* [To do]:
Count every line in the entries below that contains the word "pitch", and give only that number.

********************

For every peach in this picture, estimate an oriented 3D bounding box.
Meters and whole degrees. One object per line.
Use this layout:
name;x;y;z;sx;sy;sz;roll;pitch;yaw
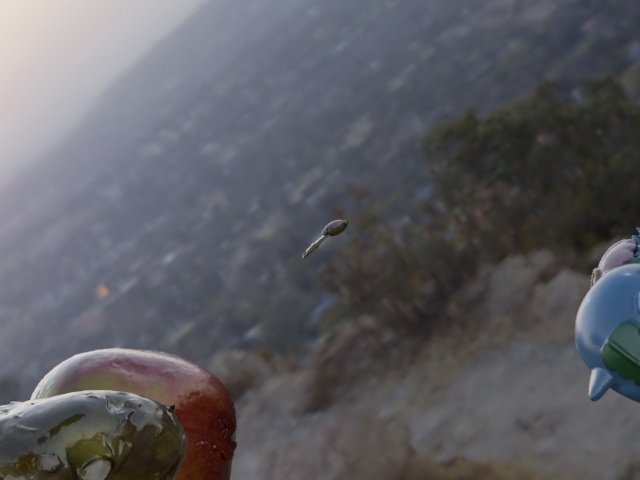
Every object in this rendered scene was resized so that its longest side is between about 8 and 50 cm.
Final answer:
peach;-0.193;0.210;1.652;0.231;0.231;0.231;-38;8;6

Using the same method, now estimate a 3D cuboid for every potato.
potato;-0.240;0.198;1.229;0.296;0.141;0.191;-24;-13;9

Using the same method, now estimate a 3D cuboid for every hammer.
hammer;0.000;0.000;1.655;0.029;0.014;0.123;-23;-6;-20

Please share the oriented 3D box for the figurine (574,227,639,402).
figurine;0.252;0.057;1.168;0.114;0.144;0.178;-51;10;23
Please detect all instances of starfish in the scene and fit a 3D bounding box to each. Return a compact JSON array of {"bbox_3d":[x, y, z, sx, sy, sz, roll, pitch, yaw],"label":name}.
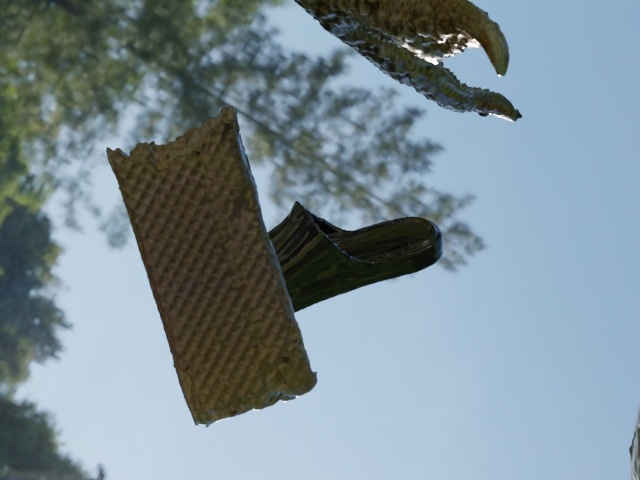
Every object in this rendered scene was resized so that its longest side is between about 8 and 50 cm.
[{"bbox_3d":[0.005,-0.202,0.928,0.078,0.358,0.347,-48,166,8],"label":"starfish"}]

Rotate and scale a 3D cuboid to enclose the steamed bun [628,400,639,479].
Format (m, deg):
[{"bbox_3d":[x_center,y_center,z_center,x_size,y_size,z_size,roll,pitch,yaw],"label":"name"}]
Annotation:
[{"bbox_3d":[0.405,0.207,1.222,0.272,0.273,0.290,-115,-162,-57],"label":"steamed bun"}]

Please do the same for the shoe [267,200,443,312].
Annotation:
[{"bbox_3d":[0.000,0.000,1.273,0.108,0.241,0.093,-130,-153,-65],"label":"shoe"}]

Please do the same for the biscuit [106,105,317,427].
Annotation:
[{"bbox_3d":[-0.084,0.021,1.036,0.108,0.239,0.062,-17,-175,-4],"label":"biscuit"}]
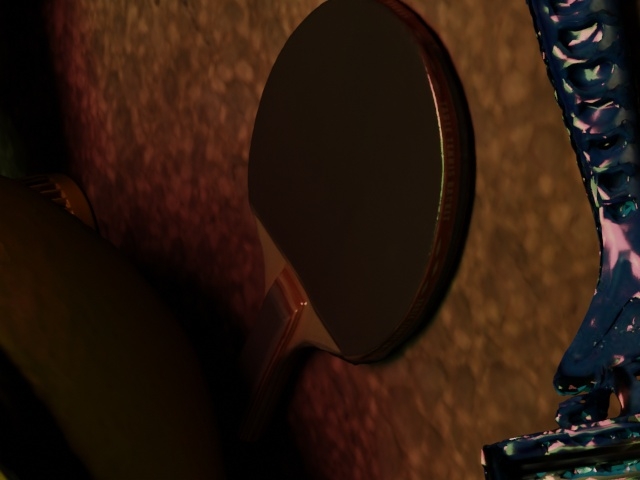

********************

* [Response box]:
3